And 8hp outboard motor is an engine that generates 8 horsepower of energy. They are available in both 2-stroke and 4-stroke designs. The latter design is akin to a small car engine, while the former to that of a motorcycle. Most models employ an extending tiller for steering and accelerating. Many have hydrofoils designed into the shafts to improve the propeller’s thrust dynamic.

The choice between 2-stroke and 4-stroke is mostly a matter of preference and function. If an 8hp outboard motor is the boat’s main propulsion secured to the center of the rear transom, the 4-stroke might be the right choice. It burns fuel relatively quietly, efficiently, and cleanly. Most have an electronic ignition switch to start and stop it.


The generally less expensive 2-stroke motor is smaller and simpler in design. It has better acceleration and more power relative to its weight. A mixture of gasoline and a motor oil additive is required to fuel it. Some models have electronic ignition, but most have starters that are engaged by spring-loaded rip cords. If the 8hp outboard is an emergency backup motor, a “kicker” for stability and drift control, or a separate motor dedicated to trolling fishing lines, this might be the right choice.

The 8hp outboard motor is ideal for trolling both live bait and lures to angle for a variety of fish species. At maximum thrust, even on a 20-foot ocean craft, it can attain enough speed to entice aggressive pelagic predators. It can also throttle down a ski or bass fishing boat to slowly track the contours of a dammed impoundment for suspended schools of panfish.
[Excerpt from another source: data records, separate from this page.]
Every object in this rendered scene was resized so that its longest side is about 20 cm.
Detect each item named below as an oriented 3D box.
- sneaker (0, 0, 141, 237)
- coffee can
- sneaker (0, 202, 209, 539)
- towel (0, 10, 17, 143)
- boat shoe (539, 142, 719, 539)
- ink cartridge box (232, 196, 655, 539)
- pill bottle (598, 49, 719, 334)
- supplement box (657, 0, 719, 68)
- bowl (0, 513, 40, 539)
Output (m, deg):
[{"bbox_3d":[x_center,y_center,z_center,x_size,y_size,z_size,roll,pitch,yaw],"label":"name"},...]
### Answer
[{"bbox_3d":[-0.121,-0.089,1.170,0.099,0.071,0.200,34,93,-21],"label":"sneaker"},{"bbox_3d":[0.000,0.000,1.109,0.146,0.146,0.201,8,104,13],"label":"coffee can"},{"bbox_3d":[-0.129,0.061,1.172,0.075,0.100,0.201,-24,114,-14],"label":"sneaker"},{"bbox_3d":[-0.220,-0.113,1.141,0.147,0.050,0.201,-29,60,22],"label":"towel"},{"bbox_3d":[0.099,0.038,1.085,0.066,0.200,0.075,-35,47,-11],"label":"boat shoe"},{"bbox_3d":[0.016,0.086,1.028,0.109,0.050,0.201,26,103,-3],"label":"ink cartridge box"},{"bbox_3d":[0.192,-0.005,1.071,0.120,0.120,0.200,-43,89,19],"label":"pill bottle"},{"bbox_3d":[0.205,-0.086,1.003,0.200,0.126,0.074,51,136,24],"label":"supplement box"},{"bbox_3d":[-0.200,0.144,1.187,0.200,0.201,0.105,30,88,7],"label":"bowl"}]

A boat with a gross weight of a half-ton, such as a small pontoon party boat, is approximately the upper limit of practicality. An 8hp motor will labor to budge a boat this heavy and, in any case, a manufacturer will have specified a minimum power recommendation. For the lower limit watercraft suitable for an 8hp outboard engine, the important factor is not so much the weight of the boat but rather its structural design, especially its hull. The key here is whether the craft is capable of, and stable when, “planing.”

When a boat reaches planing speed, the bow will lift above the surface of the water. As the boat returns to level, the only point of contact becomes the propeller just under the surface. In a real sense, the boat flies. An 8hp outboard motor has sufficient power to push a small craft up to 20 miles per hour and bring it to a plane.

Any watercraft with a V-shaped hull will plane well. An 8hp motor is, thus, the most popular outboard for aluminum johnboats, or dinghies, up to 14 feet (4.27 m) long and weighing up to 300 pounds (136 kg). Round-bottom hulls, such as canoes, are less stable on a plane, and a motor that strong is arguably ill advised.

Boats with flat hulls, such as skiffs, cannot plane. An outboard motor rating of more than 4 horsepower should not be paired with a small skiff. One exception to this rule is the inflatable. Its light weight and buoyancy mean a large inflatable powered by an 8hp outboard motor may perform quite well.

Lastly, for maneuvering dockside and for emergency propulsion, a motorized propeller is essential for sailboats. With their shallow draft hulls, sailboats 25 feet (7.6 m) and more are suited to an 8hp outboard motor. Optimally, the versatile motor is likely to be a perfect fit for most V-hulled boats that best accommodate two passengers and can be carried by two people.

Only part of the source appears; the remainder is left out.